By 1918, Germany's loss was inevitable due to internal problems on the
homefront. There were stockpiles of raw materials and the War Raw
Materials Corporation, headed by Walther Rathenau, tried to solve the
problem of lack of materials. Next, the Prussian Law of Siege was passed,
in which military commanders had the power to exempt men from the draft.
The problem was that no able man was exempt from serving the military,
which left a gap in the homefront due to lack of skilled workers at home.
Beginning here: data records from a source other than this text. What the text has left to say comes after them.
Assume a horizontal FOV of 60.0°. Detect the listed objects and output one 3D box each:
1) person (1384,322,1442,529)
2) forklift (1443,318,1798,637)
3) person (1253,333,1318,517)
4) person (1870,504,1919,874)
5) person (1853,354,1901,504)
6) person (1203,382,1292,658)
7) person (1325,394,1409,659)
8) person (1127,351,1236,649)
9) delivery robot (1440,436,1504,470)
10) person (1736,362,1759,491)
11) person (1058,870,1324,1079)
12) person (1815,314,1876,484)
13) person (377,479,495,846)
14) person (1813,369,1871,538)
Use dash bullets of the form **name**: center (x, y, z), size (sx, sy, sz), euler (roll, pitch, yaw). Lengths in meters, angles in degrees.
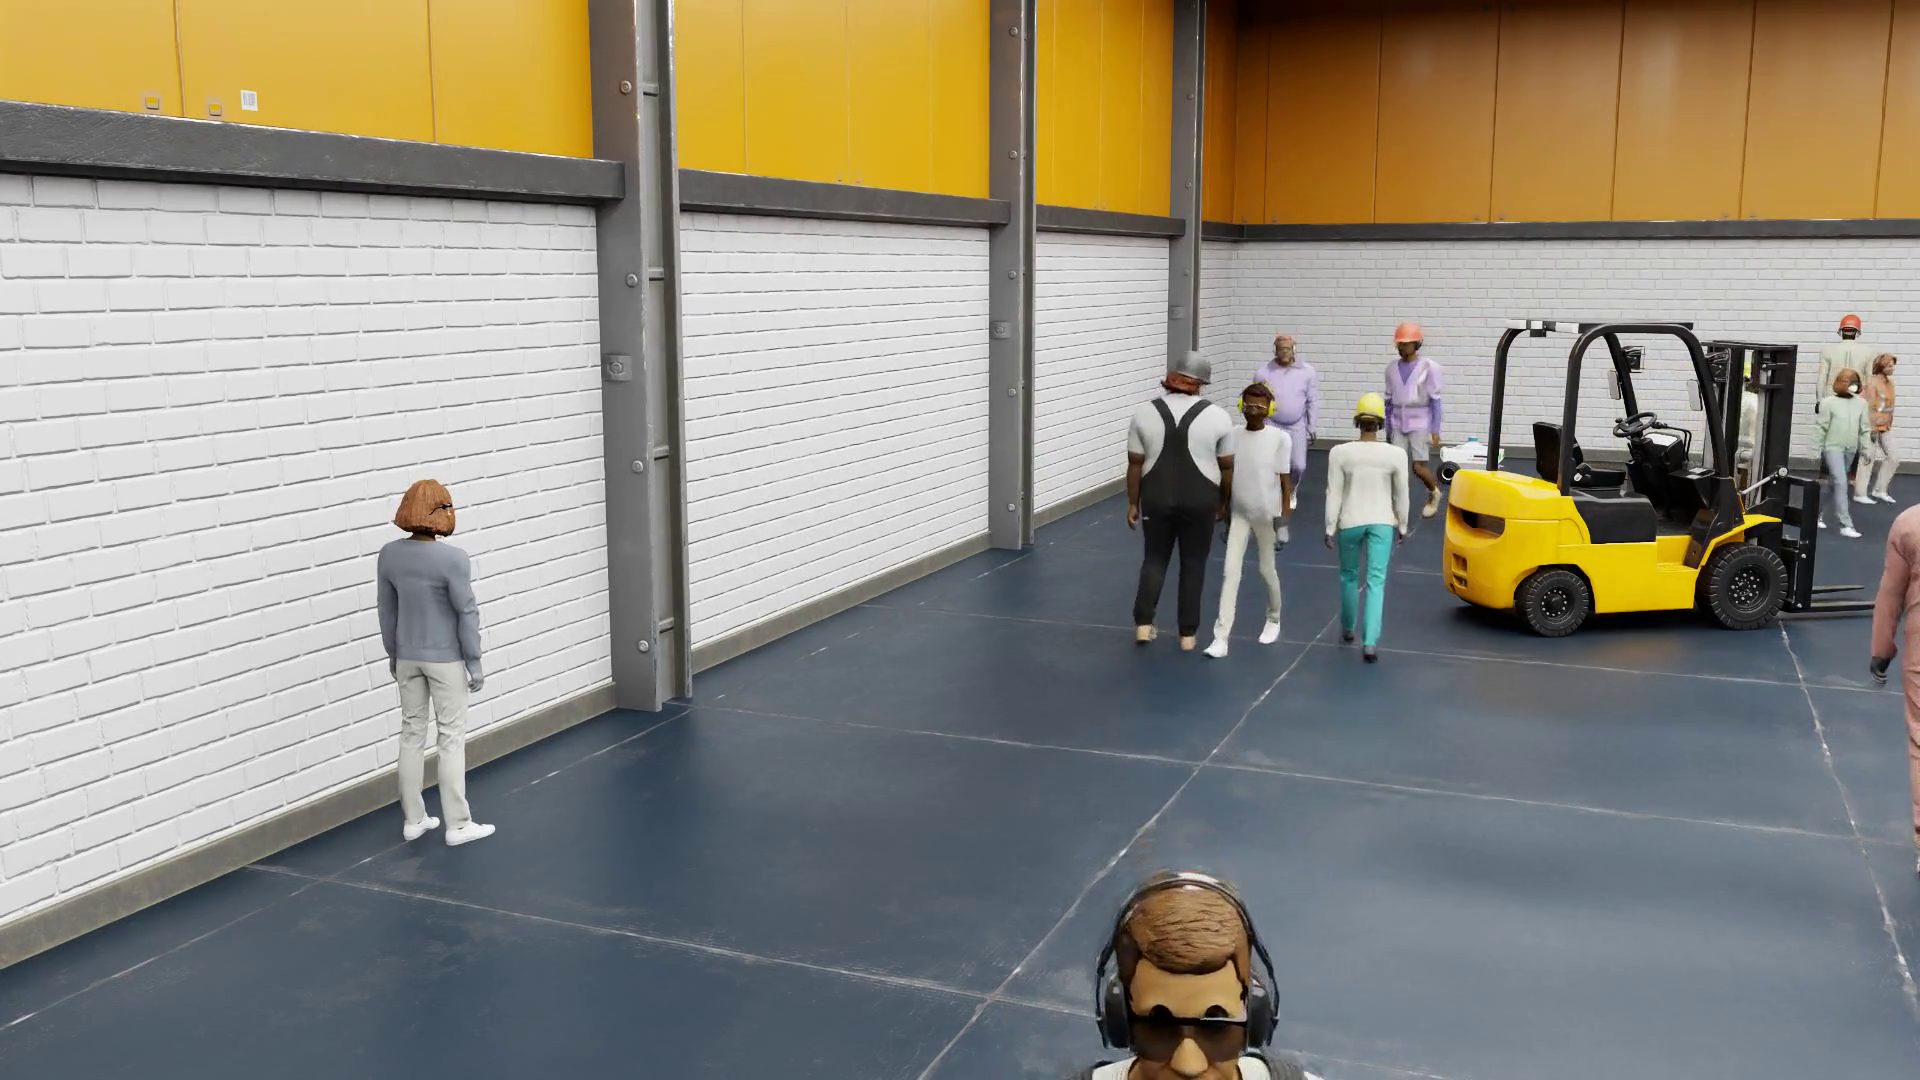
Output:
- **person**: center (4.456, -1.124, 16.281), size (0.638, 2.030, 0.686), euler (9, 13, 43)
- **forklift**: center (4.706, -0.497, 11.990), size (2.313, 2.155, 1.214), euler (-2, 10, -10)
- **person**: center (3.282, -1.150, 16.856), size (0.657, 1.891, 0.672), euler (1, 9, 6)
- **person**: center (4.266, 0.490, 7.096), size (0.668, 1.847, 0.978), euler (6, 11, 33)
- **person**: center (9.895, -1.178, 17.841), size (0.538, 1.621, 0.503), euler (-7, 12, -35)
- **person**: center (1.954, -0.144, 11.053), size (0.529, 1.809, 0.994), euler (6, 11, 31)
- **person**: center (2.696, -0.103, 11.030), size (0.539, 1.722, 0.916), euler (2, 10, 13)
- **person**: center (1.493, -0.281, 11.142), size (0.711, 2.000, 0.565), euler (3, 10, 18)
- **delivery robot**: center (6.023, -0.974, 19.554), size (0.707, 0.478, 0.477), euler (4, 10, 22)
- **person**: center (6.481, -0.603, 13.792), size (0.610, 1.818, 0.602), euler (-1, 9, -6)
- **person**: center (0.284, 1.308, 2.156), size (0.535, 1.827, 0.428), euler (0, 9, -1)
- **person**: center (10.430, -1.657, 19.621), size (0.622, 1.993, 0.382), euler (4, 10, 21)
- **person**: center (-2.338, 0.542, 7.388), size (0.507, 1.632, 0.274), euler (4, 10, 21)
- **person**: center (8.468, -0.861, 16.012), size (0.511, 1.593, 0.839), euler (-2, 10, -11)

Another dilemma was with The Auxiliary Law, which subjected all other
weaker individuals to work in the factories. However, this law did not
constrict rights and many often left and rallied massive strikes. Later,
the winter of 1918 was known as the Cabbage and Turnip Winter because of
the strict rations placed on the men. The Germans were only rationed to
six ounces of bread in one day, one egg every two weeks, and milk was
virtually nonexistent. Seven hundred and sixty thousand German civilians
would die due to starvation.
On August 8, also known as Black Day, Germans began surrendering by the
thousands. On September 29, Bulgaria asks for an armistice, and Turkey
immediately follows in October. The undeniable end of the German force
occurred on November 4, 1918, when the Italian army wins at Vittori
Veneto. Then, Austria-Hungary surrenders leaving Germany to fight the
world alone. By November 7, the Germans were forced to negotiate with
Foch, who was the leader of the Allied Army, which subsequently led to
the Keil mutiny, in which the German offensive collapsed. The
confirmation of an Allied victory was the appearance of a red flag on the
homefront, and the resignation of the Kaiser.
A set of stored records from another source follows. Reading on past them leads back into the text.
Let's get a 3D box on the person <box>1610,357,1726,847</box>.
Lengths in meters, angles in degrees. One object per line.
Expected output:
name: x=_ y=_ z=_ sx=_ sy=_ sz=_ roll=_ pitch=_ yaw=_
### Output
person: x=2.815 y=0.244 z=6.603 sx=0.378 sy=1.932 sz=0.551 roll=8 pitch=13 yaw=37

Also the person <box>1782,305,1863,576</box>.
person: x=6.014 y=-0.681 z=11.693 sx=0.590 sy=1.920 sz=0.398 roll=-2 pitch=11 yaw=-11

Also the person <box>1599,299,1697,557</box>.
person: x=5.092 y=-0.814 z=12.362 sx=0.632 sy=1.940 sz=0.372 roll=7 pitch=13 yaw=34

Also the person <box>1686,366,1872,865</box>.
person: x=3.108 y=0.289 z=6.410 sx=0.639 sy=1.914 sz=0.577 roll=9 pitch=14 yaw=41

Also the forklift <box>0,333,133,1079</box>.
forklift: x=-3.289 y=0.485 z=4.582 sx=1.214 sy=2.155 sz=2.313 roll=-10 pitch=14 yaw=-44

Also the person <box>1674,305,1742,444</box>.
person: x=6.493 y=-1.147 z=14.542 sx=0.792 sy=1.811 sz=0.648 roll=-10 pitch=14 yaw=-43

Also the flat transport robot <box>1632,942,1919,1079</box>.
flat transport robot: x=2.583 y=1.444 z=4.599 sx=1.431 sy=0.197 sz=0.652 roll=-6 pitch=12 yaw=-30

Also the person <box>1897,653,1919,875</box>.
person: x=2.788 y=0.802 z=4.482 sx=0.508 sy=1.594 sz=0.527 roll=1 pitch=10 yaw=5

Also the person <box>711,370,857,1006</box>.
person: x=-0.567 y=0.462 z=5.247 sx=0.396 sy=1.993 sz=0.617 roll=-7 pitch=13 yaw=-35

Afterwards, Germany was left in the hands of the Social Democratic Party
leaders, F. Ebert and P. Scheidemann, who elected M. Erzberger, head of
the Central Party, to agree on the armistice with Foch. Foch was
determined to humiliate the Germans for forcing countries to enter the
war, and forced Erzberger to agree to the following terms: 1. Germany had
to hand over 150,000 machine guns and 1,000 artillery pieces to the
Allies. 2. Germans must disband their navy. 3. Germans had to free all
Allied Prisoners of War. Lastly, Germany had to surrender all bridges
along the Rhine, leaving Germany utterly defenseless. On the eleventh
month of the eleventh day of the eleventh hour, the armistice when into
effect, leaving a silence throughout Europe, and a hush fell over the
German army. The Germans ultimately, brought the war upon themselves and
are responsible for the beginning and results of World War I.